Introduction: The Rs. 15 That Feeds a City
If you want to understand Mumbai, do not go to Marine Drive at sunset. Go to any railway station at 8am and watch a thousand office-goers eat vada pav while standing, while running, while somehow managing to also check their phones and argue with someone on the other end of the line.
Vada pav is not just food. It is infrastructure. It is what keeps this city moving.
My first memory of vada pav is from Dadar station — age seven, holding my father’s hand, being handed a vada pav wrapped in old newspaper. The garlic chutney stained the paper orange. The vada was crisp on the outside and pillowy inside. The pav was slightly sweet. Together, they were perfect.
Every Mumbaikar has their vada pav origin story. Here is the recipe that comes closest to that memory.
Ingredients (Makes 8 vada pavs)
For the batata vada (potato filling): — 4 large potatoes, boiled and mashed (about 600g after mashing) — 2 tbsp oil — 1 tsp mustard seeds — 1/2 tsp turmeric — 8–10 curry leaves — 3 green chillies, finely chopped (adjust to heat preference) — 1-inch ginger, grated — 4 garlic cloves, grated — 2 tbsp fresh coriander, chopped — Salt to taste — about 1.5 tsp — Juice of half a lemon
For the batter: — 1 cup besan (chickpea flour) — 1/2 tsp turmeric — 1/2 tsp red chilli powder — Pinch of baking soda — Salt to taste — Water to make a thick batter — roughly 3/4 cup
For dry garlic chutney (the heart of vada pav): — 10–12 dry red chillies (Byadagi variety for less heat with good colour) — 1 full head of garlic (about 15 cloves), peeled — 3 tbsp dried coconut (kopra), grated — 1 tsp cumin seeds — Salt to taste
Green chutney: — 1 cup fresh coriander — 10 mint leaves — 2 green chillies — 1/2 inch ginger — 1 tbsp lemon juice — Salt to taste — 2 tbsp water to blend
Also needed: — 8 pav buns (ladi pav — the Mumbai kind, slightly sweet and soft) — Oil for deep frying
Method
Step 1 — Make the dry garlic chutney first (it keeps for 2 weeks): Dry roast the red chillies until slightly darker — 1 to 2 minutes. Remove. In the same pan, dry roast the coconut until golden. Let everything cool. In a mixer, blend chillies, garlic, roasted coconut, and cumin to a coarse powder. Do not add water. This must stay dry. Add salt. Taste. Store in an airtight jar.
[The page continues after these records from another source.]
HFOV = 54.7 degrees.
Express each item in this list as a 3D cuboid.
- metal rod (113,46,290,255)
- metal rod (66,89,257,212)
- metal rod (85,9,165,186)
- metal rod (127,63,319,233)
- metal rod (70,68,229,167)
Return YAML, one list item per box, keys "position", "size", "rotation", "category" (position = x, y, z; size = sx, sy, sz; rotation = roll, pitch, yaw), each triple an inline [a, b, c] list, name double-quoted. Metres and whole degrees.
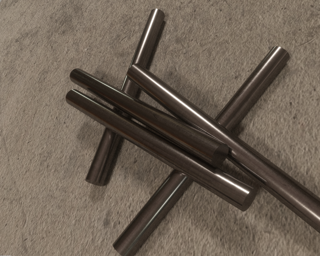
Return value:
- position: [0.053, 0.022, 0.361]
  size: [0.025, 0.025, 0.300]
  rotation: [34, 80, 38]
  category: "metal rod"
- position: [-0.024, 0.010, 0.375]
  size: [0.300, 0.025, 0.025]
  rotation: [28, 77, 37]
  category: "metal rod"
- position: [-0.045, -0.060, 0.462]
  size: [0.025, 0.025, 0.300]
  rotation: [3, 63, 29]
  category: "metal rod"
- position: [0.066, 0.012, 0.331]
  size: [0.025, 0.025, 0.300]
  rotation: [-47, 61, -5]
  category: "metal rod"
- position: [-0.038, -0.029, 0.401]
  size: [0.300, 0.025, 0.025]
  rotation: [30, 78, 42]
  category: "metal rod"
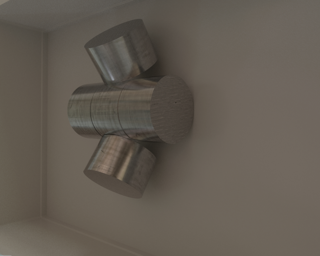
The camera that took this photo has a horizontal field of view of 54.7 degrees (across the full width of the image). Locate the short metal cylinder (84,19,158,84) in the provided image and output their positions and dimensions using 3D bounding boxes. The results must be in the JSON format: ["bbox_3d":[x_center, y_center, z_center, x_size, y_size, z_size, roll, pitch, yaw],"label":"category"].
[{"bbox_3d":[-0.049,-0.099,0.400,0.080,0.080,0.050,3,129,40],"label":"short metal cylinder"}]

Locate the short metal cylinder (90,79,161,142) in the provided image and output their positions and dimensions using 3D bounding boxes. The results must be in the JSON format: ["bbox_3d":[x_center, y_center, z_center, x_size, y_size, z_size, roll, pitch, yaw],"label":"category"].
[{"bbox_3d":[-0.042,-0.023,0.404,0.050,0.081,0.079,2,91,40],"label":"short metal cylinder"}]

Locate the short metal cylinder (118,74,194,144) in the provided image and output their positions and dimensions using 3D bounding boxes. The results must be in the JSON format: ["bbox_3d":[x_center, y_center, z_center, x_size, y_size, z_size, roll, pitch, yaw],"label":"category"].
[{"bbox_3d":[-0.003,-0.022,0.372,0.050,0.081,0.079,2,91,40],"label":"short metal cylinder"}]

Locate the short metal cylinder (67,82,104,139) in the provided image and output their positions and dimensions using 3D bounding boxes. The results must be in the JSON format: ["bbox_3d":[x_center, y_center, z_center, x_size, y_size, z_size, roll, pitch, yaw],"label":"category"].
[{"bbox_3d":[-0.081,-0.024,0.436,0.050,0.081,0.079,2,91,40],"label":"short metal cylinder"}]

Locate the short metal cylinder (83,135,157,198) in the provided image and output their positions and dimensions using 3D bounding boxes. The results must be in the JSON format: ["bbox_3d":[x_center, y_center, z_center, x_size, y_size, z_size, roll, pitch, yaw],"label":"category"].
[{"bbox_3d":[-0.051,0.051,0.401,0.080,0.080,0.050,0,56,40],"label":"short metal cylinder"}]
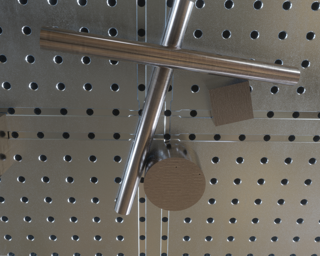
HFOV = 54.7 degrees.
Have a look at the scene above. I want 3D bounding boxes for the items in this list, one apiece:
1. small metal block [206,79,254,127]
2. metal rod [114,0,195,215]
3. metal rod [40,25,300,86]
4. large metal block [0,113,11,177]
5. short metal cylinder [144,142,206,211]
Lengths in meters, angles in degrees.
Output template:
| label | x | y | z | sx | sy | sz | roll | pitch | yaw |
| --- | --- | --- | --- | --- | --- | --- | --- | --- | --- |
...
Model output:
| label | x | y | z | sx | sy | sz | roll | pitch | yaw |
| --- | --- | --- | --- | --- | --- | --- | --- | --- | --- |
| small metal block | 0.090 | -0.034 | 0.402 | 0.050 | 0.025 | 0.050 | -12 | 110 | 4 |
| metal rod | -0.013 | -0.014 | 0.408 | 0.025 | 0.025 | 0.298 | 15 | 109 | -6 |
| metal rod | 0.023 | -0.080 | 0.358 | 0.302 | 0.025 | 0.025 | 6 | 110 | -13 |
| large metal block | -0.251 | 0.023 | 0.405 | 0.081 | 0.050 | 0.079 | 4 | 110 | -2 |
| short metal cylinder | 0.019 | 0.065 | 0.425 | 0.081 | 0.050 | 0.079 | 0 | 110 | -1 |
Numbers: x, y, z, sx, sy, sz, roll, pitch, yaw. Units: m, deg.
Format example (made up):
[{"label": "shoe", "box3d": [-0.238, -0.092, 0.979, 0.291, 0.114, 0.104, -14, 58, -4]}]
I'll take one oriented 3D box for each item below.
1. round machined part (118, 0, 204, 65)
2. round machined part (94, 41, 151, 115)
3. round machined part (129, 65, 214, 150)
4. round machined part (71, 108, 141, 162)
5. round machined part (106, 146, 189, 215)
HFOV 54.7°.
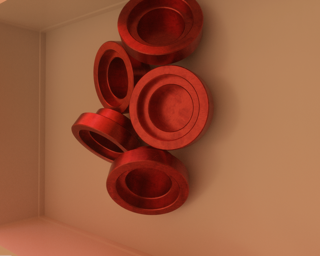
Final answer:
[{"label": "round machined part", "box3d": [0.002, -0.115, 0.371, 0.099, 0.042, 0.098, -2, 66, 5]}, {"label": "round machined part", "box3d": [-0.048, -0.069, 0.423, 0.098, 0.042, 0.097, 17, 112, 47]}, {"label": "round machined part", "box3d": [0.016, -0.023, 0.370, 0.098, 0.042, 0.097, 0, 90, 23]}, {"label": "round machined part", "box3d": [-0.067, 0.010, 0.426, 0.098, 0.098, 0.042, 5, 54, 39]}, {"label": "round machined part", "box3d": [-0.013, 0.061, 0.382, 0.098, 0.098, 0.042, -43, 24, 31]}]
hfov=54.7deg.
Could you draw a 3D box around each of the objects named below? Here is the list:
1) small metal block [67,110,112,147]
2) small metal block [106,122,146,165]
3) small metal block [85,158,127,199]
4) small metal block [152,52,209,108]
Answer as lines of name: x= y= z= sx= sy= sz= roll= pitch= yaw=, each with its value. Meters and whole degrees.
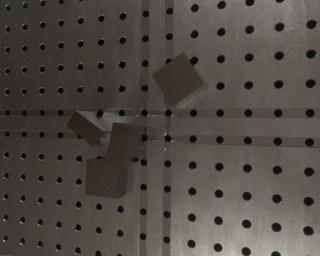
small metal block: x=-0.091 y=0.001 z=0.430 sx=0.050 sy=0.050 sz=0.025 roll=35 pitch=101 yaw=16
small metal block: x=-0.045 y=0.020 z=0.414 sx=0.025 sy=0.050 sz=0.050 roll=13 pitch=94 yaw=19
small metal block: x=-0.076 y=0.070 z=0.438 sx=0.050 sy=0.025 sz=0.050 roll=3 pitch=91 yaw=19
small metal block: x=0.026 y=-0.061 z=0.403 sx=0.050 sy=0.025 sz=0.050 roll=-34 pitch=80 yaw=16
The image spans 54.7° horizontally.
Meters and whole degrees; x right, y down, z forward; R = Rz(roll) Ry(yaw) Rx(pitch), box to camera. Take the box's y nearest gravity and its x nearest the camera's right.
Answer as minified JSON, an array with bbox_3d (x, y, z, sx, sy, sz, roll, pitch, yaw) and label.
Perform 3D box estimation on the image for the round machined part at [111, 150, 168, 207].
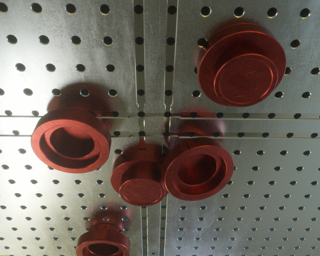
[{"bbox_3d":[-0.026,0.082,0.471,0.099,0.042,0.097,0,130,0],"label":"round machined part"}]

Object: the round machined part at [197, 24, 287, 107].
[{"bbox_3d":[0.092,-0.062,0.349,0.099,0.042,0.097,0,131,0],"label":"round machined part"}]

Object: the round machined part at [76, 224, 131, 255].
[{"bbox_3d":[-0.105,0.218,0.584,0.099,0.042,0.097,-1,130,0],"label":"round machined part"}]

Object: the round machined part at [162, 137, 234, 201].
[{"bbox_3d":[0.050,0.053,0.437,0.099,0.042,0.097,-7,123,-10],"label":"round machined part"}]

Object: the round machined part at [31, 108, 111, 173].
[{"bbox_3d":[-0.114,0.012,0.410,0.099,0.042,0.097,0,130,0],"label":"round machined part"}]
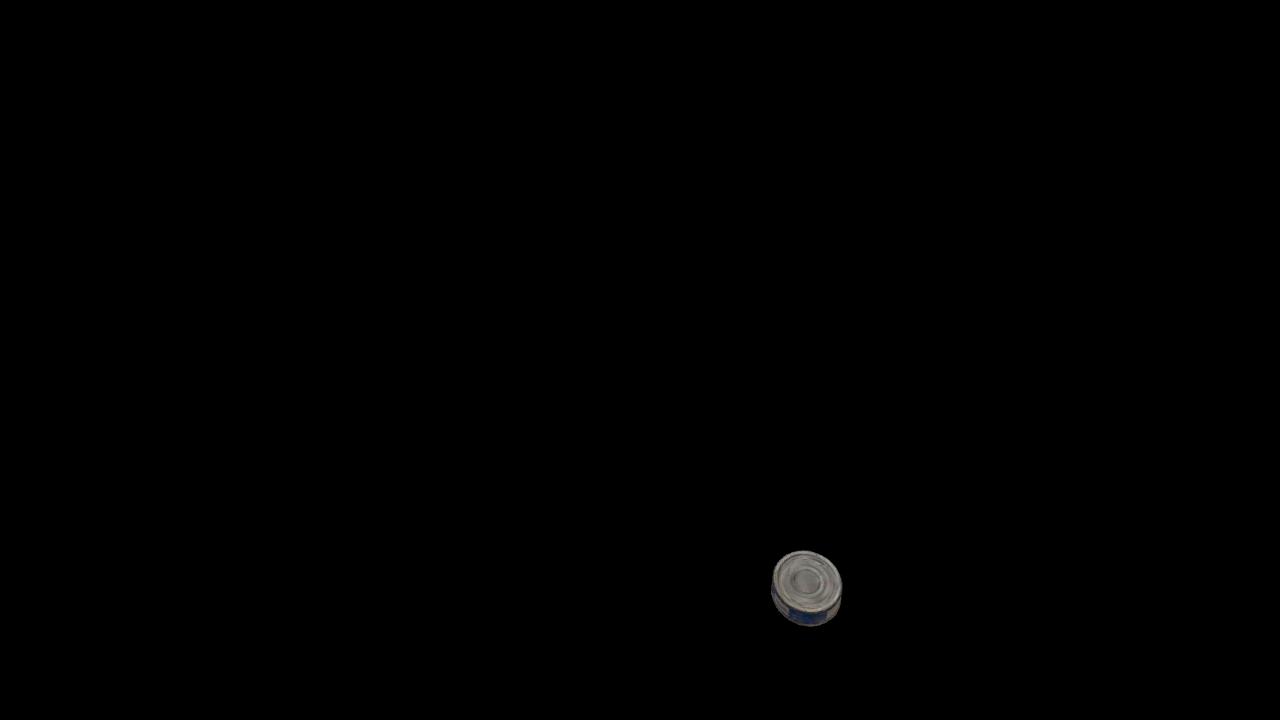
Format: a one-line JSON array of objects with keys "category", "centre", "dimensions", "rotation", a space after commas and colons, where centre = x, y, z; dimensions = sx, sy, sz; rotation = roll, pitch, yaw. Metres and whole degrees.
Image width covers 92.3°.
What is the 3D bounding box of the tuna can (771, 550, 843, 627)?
[{"category": "tuna can", "centre": [0.203, 0.277, 0.752], "dimensions": [0.084, 0.034, 0.084], "rotation": [-6, 42, 5]}]
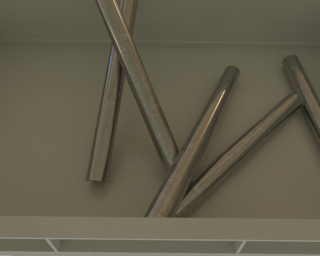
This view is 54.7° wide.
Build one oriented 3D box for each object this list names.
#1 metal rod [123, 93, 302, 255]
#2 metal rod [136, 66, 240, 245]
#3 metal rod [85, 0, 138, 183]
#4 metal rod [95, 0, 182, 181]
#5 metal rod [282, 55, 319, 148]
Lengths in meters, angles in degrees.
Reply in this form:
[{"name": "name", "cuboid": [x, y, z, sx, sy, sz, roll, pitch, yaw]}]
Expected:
[{"name": "metal rod", "cuboid": [0.081, 0.041, 0.371, 0.302, 0.025, 0.025, -36, 59, -27]}, {"name": "metal rod", "cuboid": [0.051, 0.005, 0.374, 0.025, 0.025, 0.301, 19, 44, 15]}, {"name": "metal rod", "cuboid": [-0.055, -0.081, 0.397, 0.025, 0.025, 0.299, 6, 74, 4]}, {"name": "metal rod", "cuboid": [-0.033, -0.075, 0.374, 0.025, 0.025, 0.299, -20, 83, -17]}, {"name": "metal rod", "cuboid": [0.214, 0.007, 0.401, 0.025, 0.025, 0.300, -1, 50, -1]}]
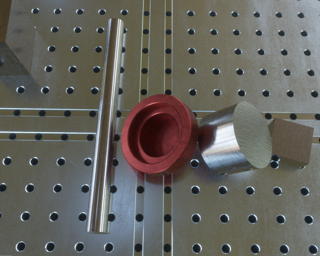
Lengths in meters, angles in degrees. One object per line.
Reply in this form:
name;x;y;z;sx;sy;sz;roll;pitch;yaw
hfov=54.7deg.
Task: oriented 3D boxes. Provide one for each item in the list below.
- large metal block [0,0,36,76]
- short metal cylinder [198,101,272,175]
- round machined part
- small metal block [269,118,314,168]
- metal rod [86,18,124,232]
large metal block;-0.215;-0.127;0.426;0.050;0.080;0.080;-2;70;-1
short metal cylinder;0.091;0.014;0.373;0.080;0.050;0.080;19;62;-39
round machined part;0.003;0.011;0.384;0.098;0.042;0.098;-11;68;29
small metal block;0.168;0.020;0.407;0.050;0.025;0.050;16;71;5
metal rod;-0.071;-0.018;0.417;0.025;0.025;0.299;2;70;0
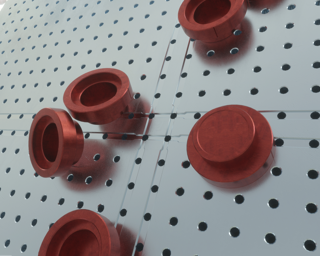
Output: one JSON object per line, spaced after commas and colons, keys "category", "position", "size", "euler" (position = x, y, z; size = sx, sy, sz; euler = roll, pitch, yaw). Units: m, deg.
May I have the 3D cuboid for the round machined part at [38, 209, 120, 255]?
{"category": "round machined part", "position": [-0.087, 0.147, 0.354], "size": [0.098, 0.042, 0.098], "euler": [-13, 56, 21]}

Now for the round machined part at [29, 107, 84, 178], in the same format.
{"category": "round machined part", "position": [-0.146, 0.021, 0.445], "size": [0.098, 0.042, 0.098], "euler": [-3, 86, 42]}

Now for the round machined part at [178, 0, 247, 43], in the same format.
{"category": "round machined part", "position": [0.080, -0.166, 0.458], "size": [0.098, 0.042, 0.098], "euler": [-13, 56, 21]}

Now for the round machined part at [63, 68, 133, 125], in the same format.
{"category": "round machined part", "position": [-0.088, -0.043, 0.459], "size": [0.098, 0.042, 0.098], "euler": [-7, 46, 8]}

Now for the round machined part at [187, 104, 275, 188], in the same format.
{"category": "round machined part", "position": [0.076, 0.014, 0.349], "size": [0.098, 0.042, 0.098], "euler": [-13, 56, 21]}
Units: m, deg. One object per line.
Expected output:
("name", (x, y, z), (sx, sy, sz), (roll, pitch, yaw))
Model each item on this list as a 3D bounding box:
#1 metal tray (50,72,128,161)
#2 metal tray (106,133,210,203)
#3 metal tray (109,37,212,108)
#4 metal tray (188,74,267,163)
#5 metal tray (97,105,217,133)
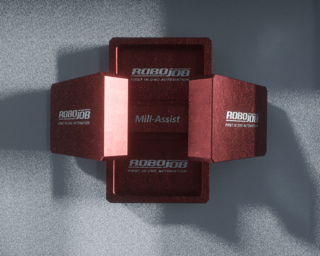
("metal tray", (-0.088, -0.012, 0.363), (0.030, 0.130, 0.089), (1, 90, -42))
("metal tray", (-0.002, 0.050, 0.405), (0.131, 0.030, 0.089), (0, 90, -1))
("metal tray", (0.001, -0.070, 0.407), (0.131, 0.030, 0.089), (0, 91, -1))
("metal tray", (0.084, -0.009, 0.364), (0.030, 0.131, 0.089), (1, 90, 42))
("metal tray", (-0.003, -0.010, 0.377), (0.131, 0.090, 0.030), (0, 90, -1))
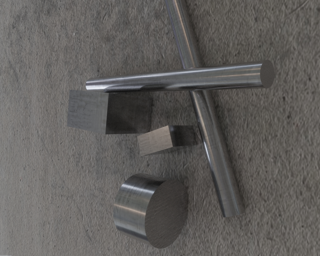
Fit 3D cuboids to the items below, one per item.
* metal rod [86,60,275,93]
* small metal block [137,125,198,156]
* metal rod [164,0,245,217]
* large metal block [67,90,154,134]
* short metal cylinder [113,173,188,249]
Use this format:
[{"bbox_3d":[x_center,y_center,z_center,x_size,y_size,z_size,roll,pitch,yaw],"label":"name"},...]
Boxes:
[{"bbox_3d":[-0.006,-0.058,0.384,0.300,0.025,0.025,6,94,47],"label":"metal rod"},{"bbox_3d":[0.009,0.015,0.381,0.050,0.050,0.025,-20,78,38],"label":"small metal block"},{"bbox_3d":[0.046,-0.048,0.367,0.025,0.025,0.299,-22,76,38],"label":"metal rod"},{"bbox_3d":[-0.068,-0.022,0.425,0.080,0.081,0.050,9,96,39],"label":"large metal block"},{"bbox_3d":[-0.010,0.098,0.377,0.050,0.081,0.079,4,93,40],"label":"short metal cylinder"}]
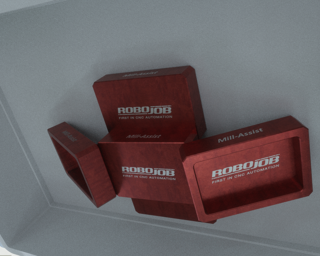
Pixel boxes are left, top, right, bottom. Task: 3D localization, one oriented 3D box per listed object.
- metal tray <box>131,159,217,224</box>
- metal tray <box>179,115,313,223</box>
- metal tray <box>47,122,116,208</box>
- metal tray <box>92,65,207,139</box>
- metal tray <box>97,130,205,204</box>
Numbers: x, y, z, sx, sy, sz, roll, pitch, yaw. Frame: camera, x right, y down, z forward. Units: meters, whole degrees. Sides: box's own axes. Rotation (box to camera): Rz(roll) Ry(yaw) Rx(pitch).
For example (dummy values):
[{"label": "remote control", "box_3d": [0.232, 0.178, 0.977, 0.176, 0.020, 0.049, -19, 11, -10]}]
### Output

Step 2 — Make the potato filling: Heat oil. Add mustard seeds and wait for them to splutter. Add curry leaves — they will crackle loudly, step back slightly. Add ginger, garlic, and green chillies. Cook 1 minute. Add turmeric. Add mashed potato. Mix everything well on low heat. Add lemon juice, coriander, and salt. Mix. Taste. It should be savoury, slightly tangy, with heat. Let it cool completely before shaping.
Step 3 — Shape the vadas: Divide potato mixture into 8 equal portions. Roll each into a smooth ball — the size of a large lemon. Set aside on a plate.
Step 4 — Make the batter: Mix besan, turmeric, chilli powder, baking soda, and salt. Add water slowly, whisking to avoid lumps. Batter should coat the back of a spoon thickly. If it drips off instantly, it is too thin — add more besan.
Step 5 — Fry: Heat oil in a deep pan to 180°C. Test with a drop of batter — it should rise immediately. Dip each potato ball into the batter, coating evenly. Lower into oil carefully. Fry 3 to 4 at a time. Turn occasionally. Fry until deep golden — 3 to 4 minutes. Remove and drain on paper towel.
Step 6 — Assemble: Slice pav almost through but not completely. Press open. Spread green chutney on one side. Add a generous layer of dry garlic chutney on both sides. Place one hot vada inside. Press gently. Eat immediately.
What Can Go Wrong
Batter falls off during frying: Either the batter is too thin or the oil is not hot enough. Test always before the first batch.
Vada is oily inside: Oil was not hot enough. The batter soaked oil instead of crisping instantly.
Filling is bland: You did not season properly. The potato must taste well-seasoned before frying because the batter adds nothing to the interior flavour.
Dry chutney is too hot: Use Byadagi chillies instead of regular red chillies. They give colour without punishing heat.
Pav is wrong: Supermarket bread rolls are not the same as ladi pav. Find an Iyengar Bakery or equivalent in your city. The sweetness and softness of real pav is non-negotiable.
The Mumbai Way
At the station stalls, the vada pav wala does something most home cooks forget — he butters the pav lightly before pressing it around the vada. That small amount of butter is what makes the difference between a good vada pav and a great one.
Also: eat it standing. Something about eating vada pav while seated at a dining table makes it taste 30% less authentic. Mumbai food is meant to be eaten in motion.